Nei giorni scorsi si è fatto un gran parlare della “gamblata” di Jake Cody, che ha preso l’intero premio di un torneo live vinto al Dusk Till Dawn per giocarlo sul nero alla roulette. Vincendo.

Qualcuno ci ha scritto in privato lamentando il fatto che si tratterebbe di un video diseducativo, poiché istigherebbe al gambling. Dall’altra parte, invece, ho visto tantissimi lettori divertiti dalla bravata del campione inglese. Forse è il momento di fare qualche distinguo. Innanzitutto è il caso di contestualizzare il gesto di Cody, o almeno provare a farlo.

Se lui è Jake Cody e io no, una ragione ci sarà

No, voi non siete Jake Cody

Nell’ultima puntata del suo seguitissimo “vlog”, pubblicato poche ore prima di partire per il PartyPoker Live, Jake Cody parla dell’ultimo periodo che ha vissuto. L’inglese è stato in difficoltà per via soprattutto della fine della relazione con la sua compagna, che lo ha inevitabilmente intristito. Nel Vlog Jake annuncia la sua partecipazione al torneo del Dusk Til Down, e ammette che sarebbero andati a supportarlo diversi amici, in caso fosse andato avanti.

Alla fine il torneo Cody lo ha vinto, ed è probabile che la decisione di giocarsi tutto il premio sia una pura e semplice goliardata decisa con gli amici che erano con lui.
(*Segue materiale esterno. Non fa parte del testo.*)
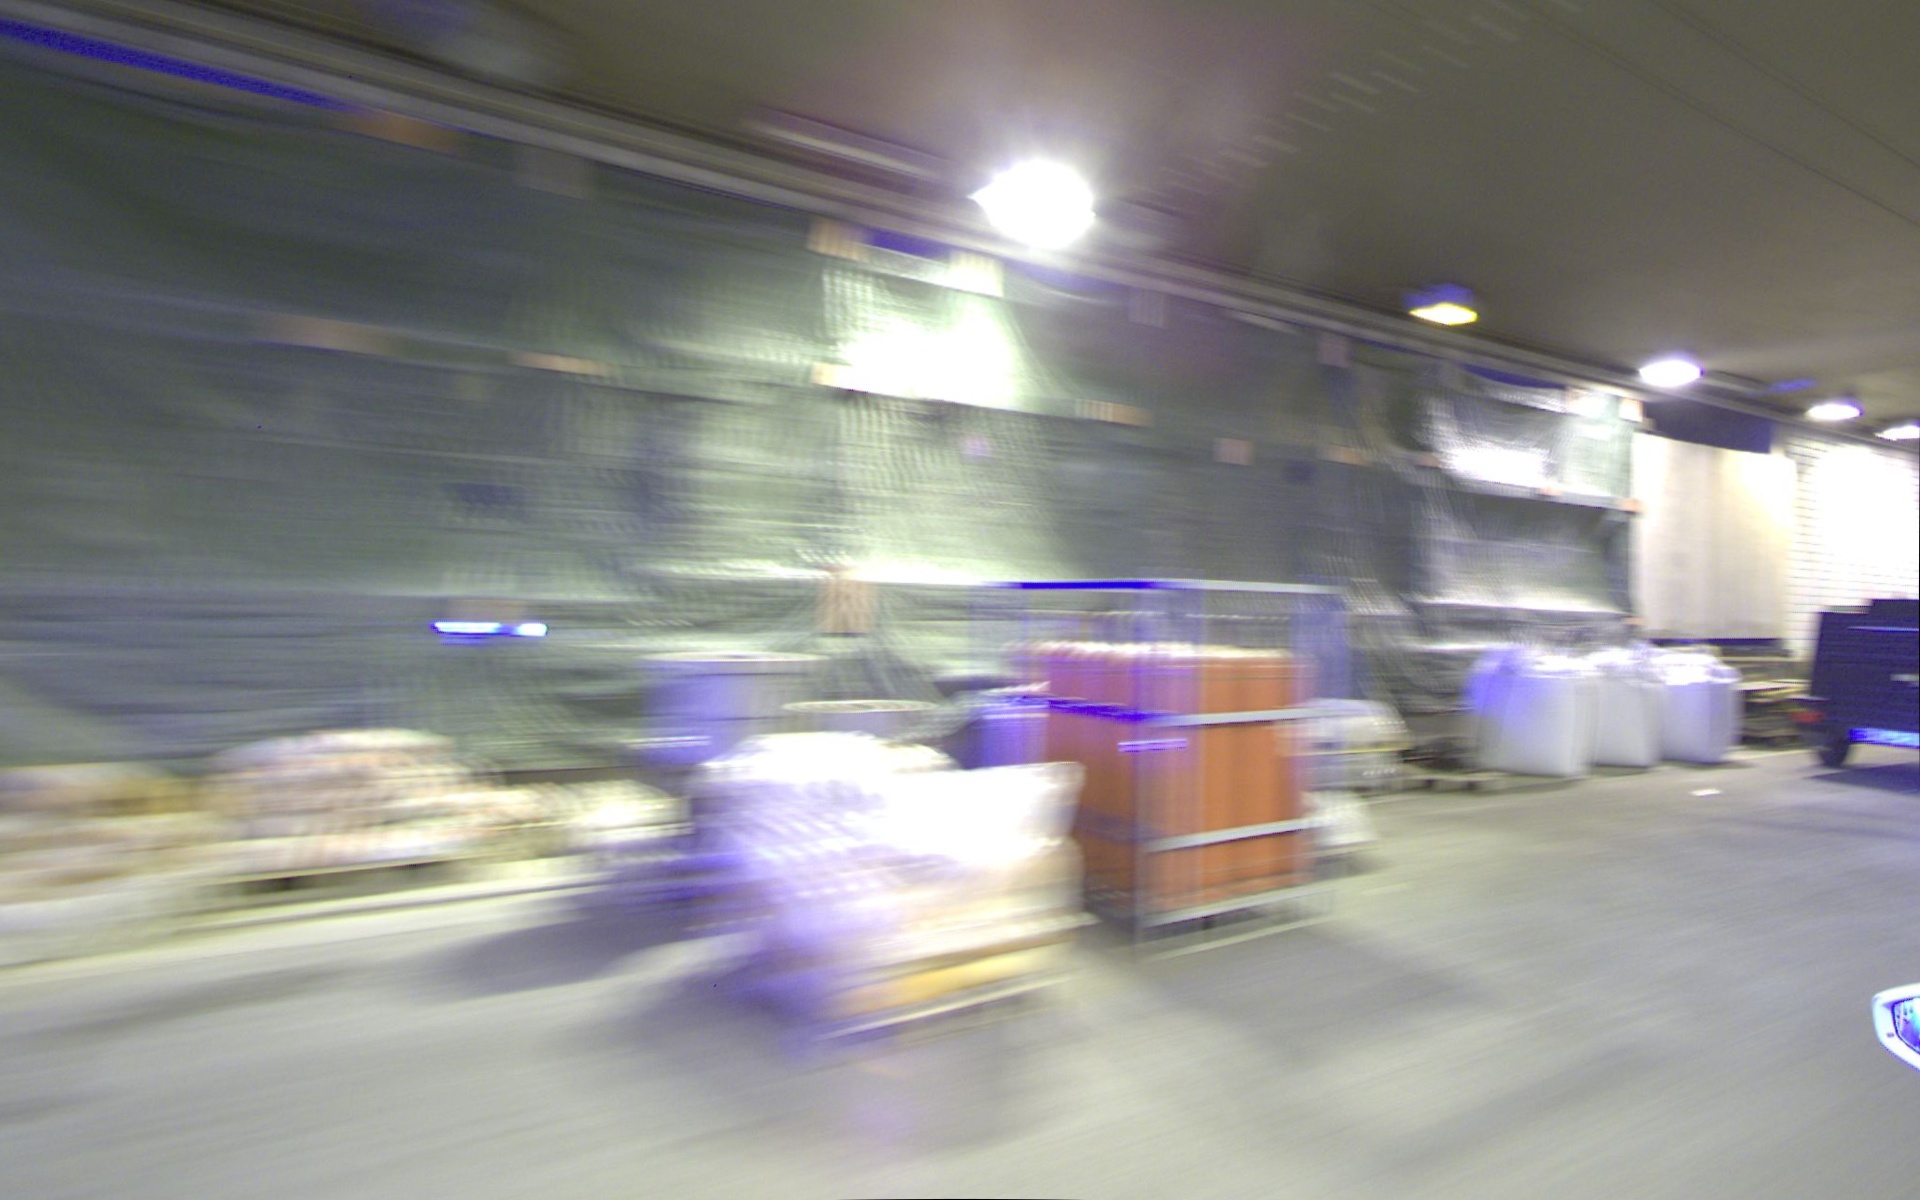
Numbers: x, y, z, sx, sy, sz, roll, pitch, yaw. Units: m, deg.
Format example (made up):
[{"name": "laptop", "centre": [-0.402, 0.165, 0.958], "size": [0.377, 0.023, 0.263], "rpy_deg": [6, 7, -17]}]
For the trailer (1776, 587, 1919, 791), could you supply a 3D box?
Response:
[{"name": "trailer", "centre": [9.708, 0.827, 9.949], "size": [2.905, 1.822, 1.573], "rpy_deg": [2, 0, -30]}]
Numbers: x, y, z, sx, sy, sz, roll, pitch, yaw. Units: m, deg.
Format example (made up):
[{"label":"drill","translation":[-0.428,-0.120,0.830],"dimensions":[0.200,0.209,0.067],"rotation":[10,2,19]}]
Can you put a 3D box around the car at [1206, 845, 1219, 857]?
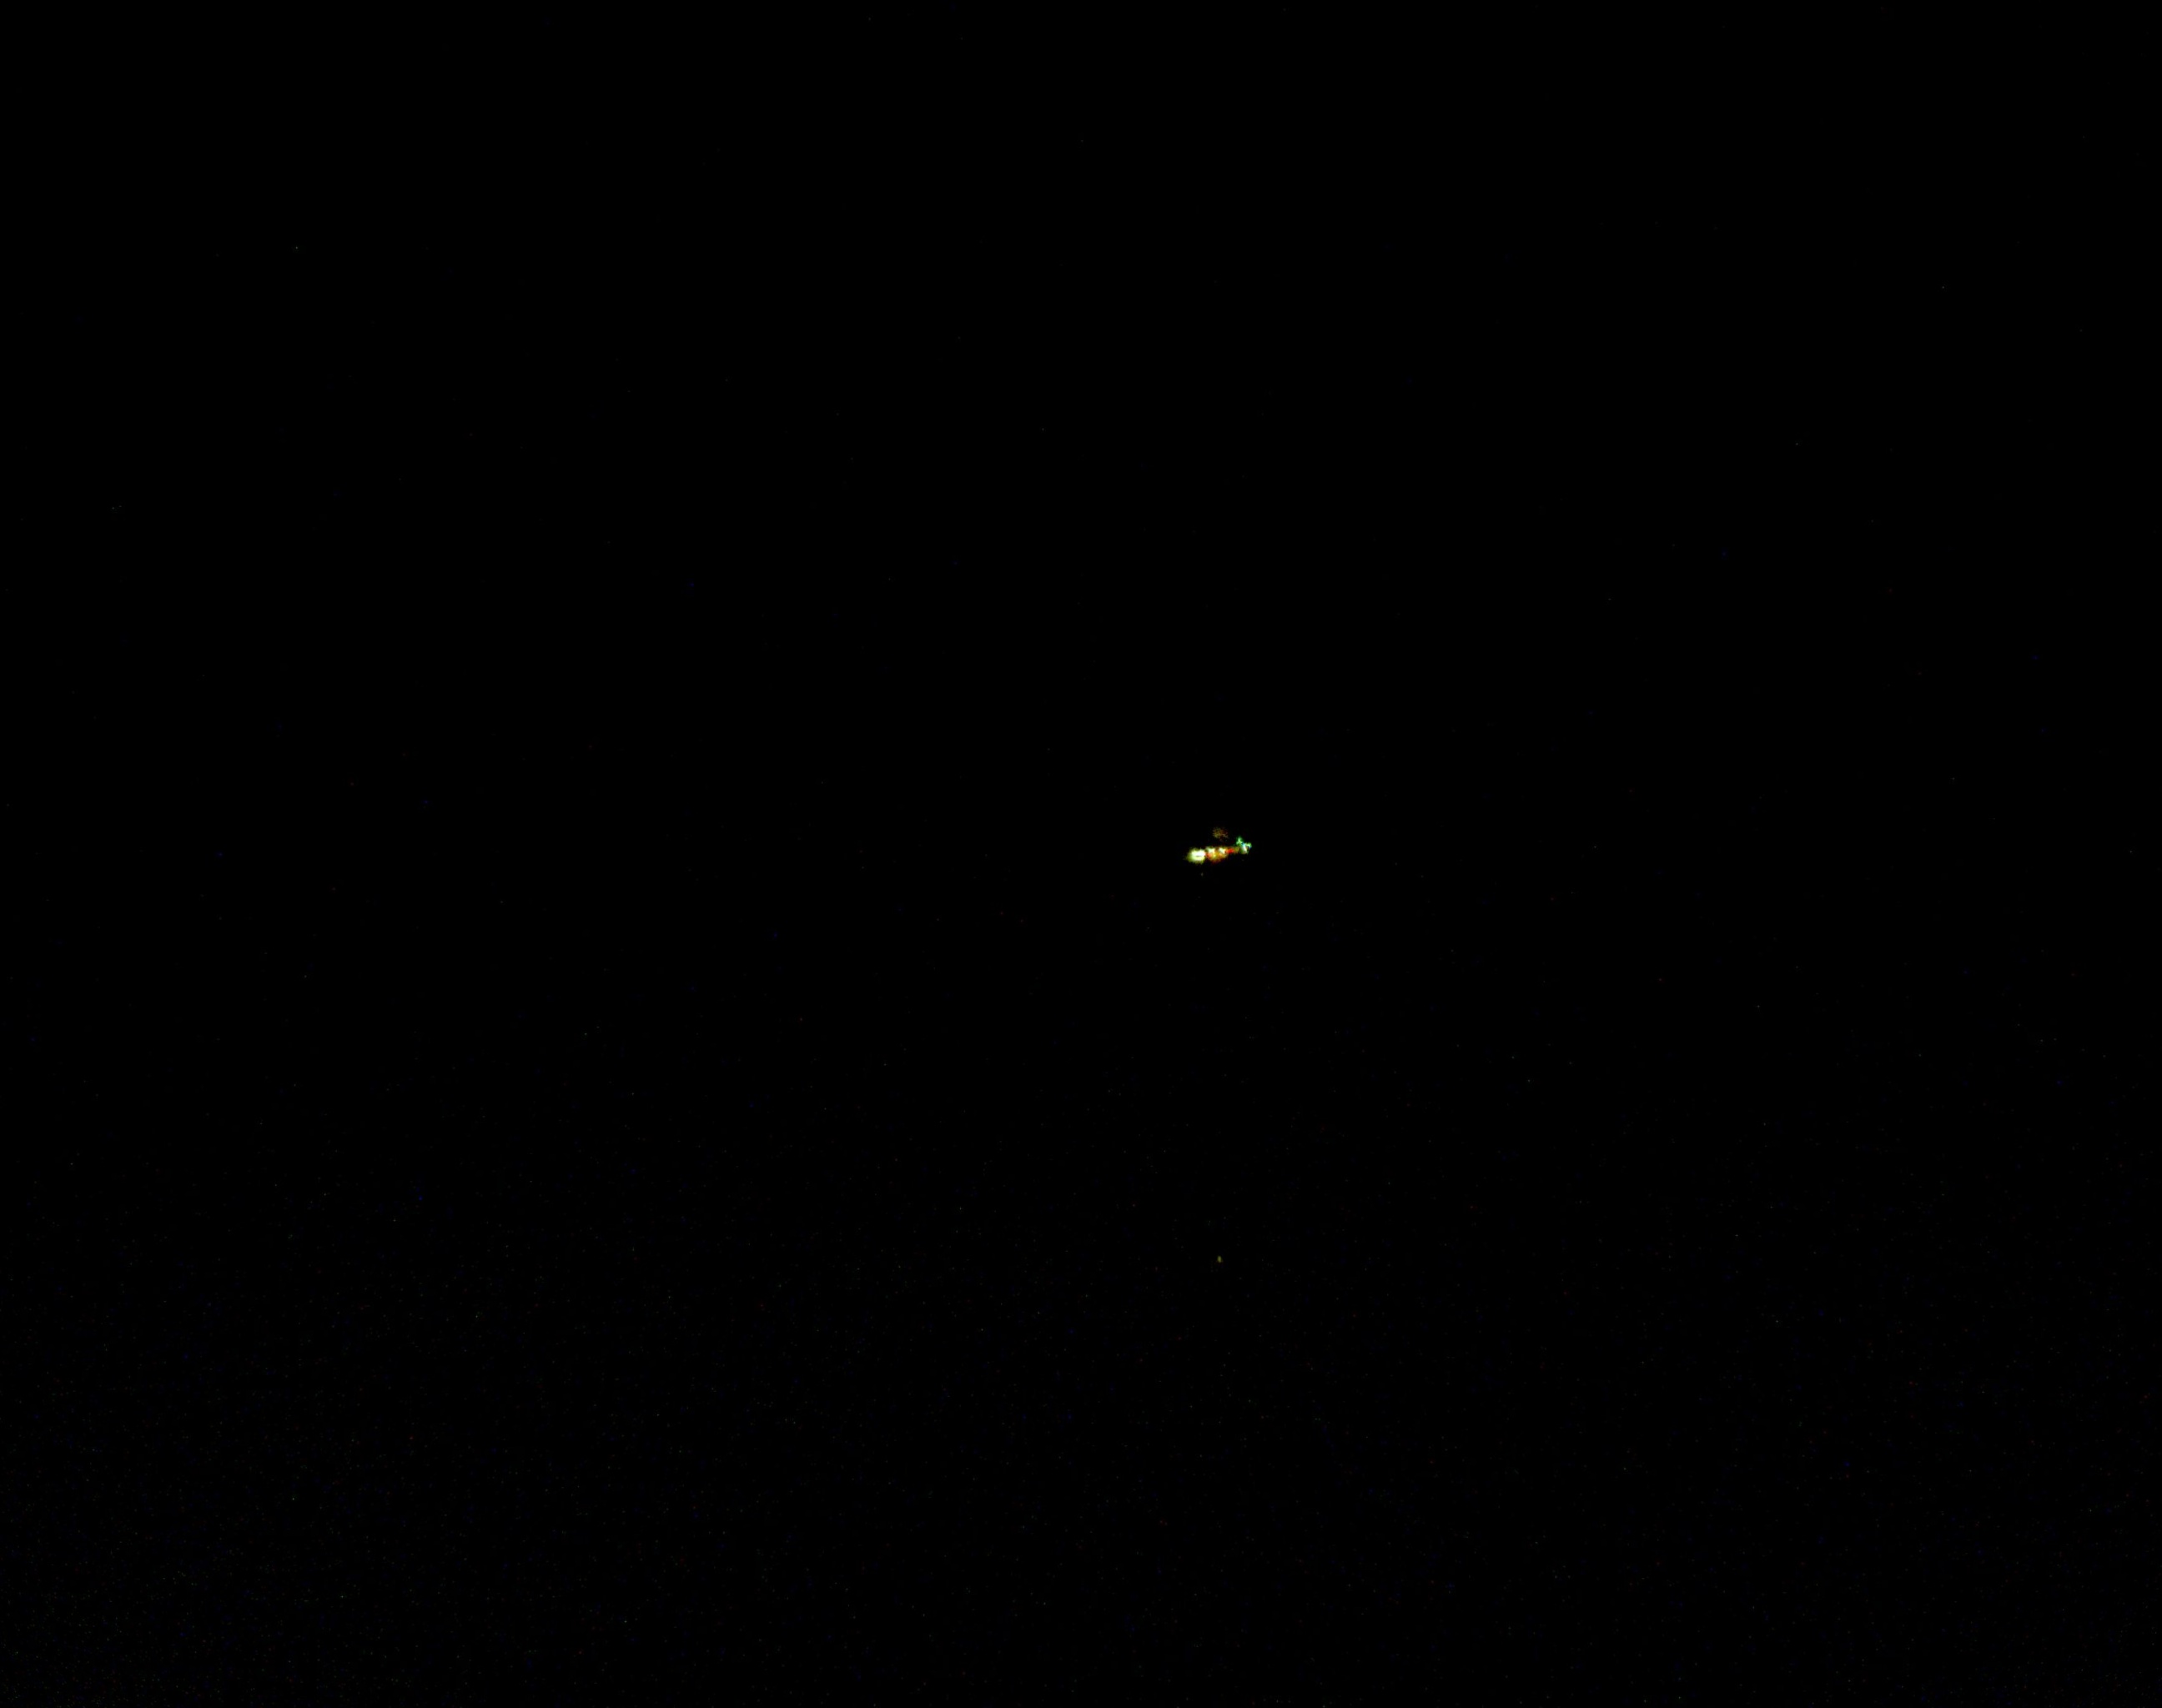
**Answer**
[{"label":"car","translation":[20.867,-0.531,120.425],"dimensions":[1.863,1.737,4.966],"rotation":[-1,1,12]}]

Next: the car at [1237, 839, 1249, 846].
[{"label":"car","translation":[34.571,-2.549,162.233],"dimensions":[1.773,1.381,4.238],"rotation":[-1,1,21]}]

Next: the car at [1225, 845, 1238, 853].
[{"label":"car","translation":[28.560,-0.935,144.189],"dimensions":[1.773,1.381,4.040],"rotation":[-1,1,21]}]
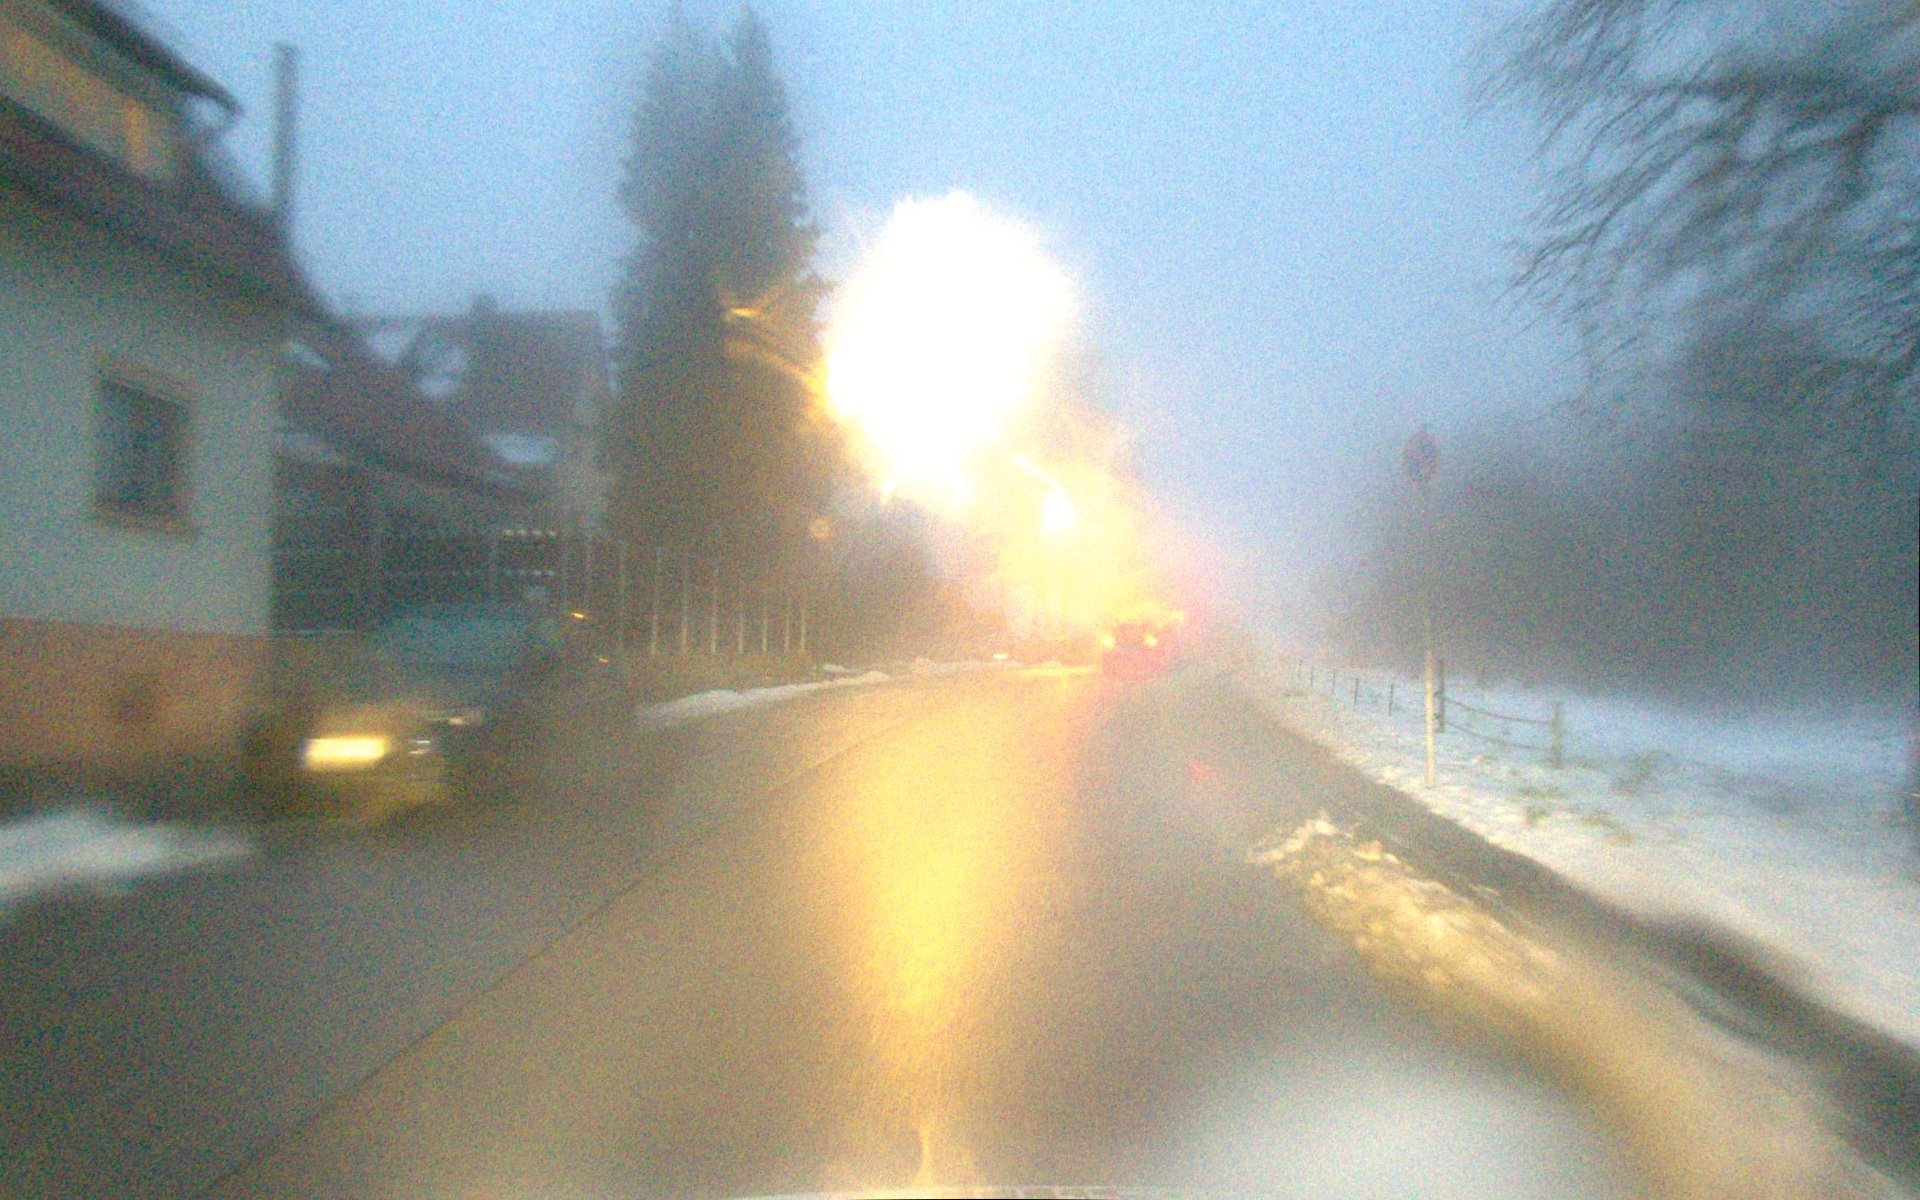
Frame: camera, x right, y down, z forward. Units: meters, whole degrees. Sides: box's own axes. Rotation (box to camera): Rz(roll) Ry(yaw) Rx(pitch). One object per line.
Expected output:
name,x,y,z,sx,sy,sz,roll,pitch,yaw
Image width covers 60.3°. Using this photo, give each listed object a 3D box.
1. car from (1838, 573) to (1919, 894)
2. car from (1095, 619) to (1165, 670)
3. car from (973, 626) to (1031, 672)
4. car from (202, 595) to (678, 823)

Non è neanche da escludere che qualcuno degli amici fosse in quota e che dunque sia una decisione collettiva. Cosa più importante di tutte, si tratta di una cifra che in nessun modo sposta, sia nella tasca che nella testa, per il giocatore inglese. Perché nessuno di noi è Jake Cody: non lo siete voi che lo criticate, non lo siete voialtri che lo avete eletto a bullo e non lo sono io che ne scrivo.

Quest’ultimo aspetto è fondamentale, perché è ovvio, sbrigativo e persino ipocrita, raccomandare a tutti voi di NON FARE MAI QUALCOSA DEL GENERE. La verità è che le gamblate bisogna anche potersele permettere. E non solo economicamente.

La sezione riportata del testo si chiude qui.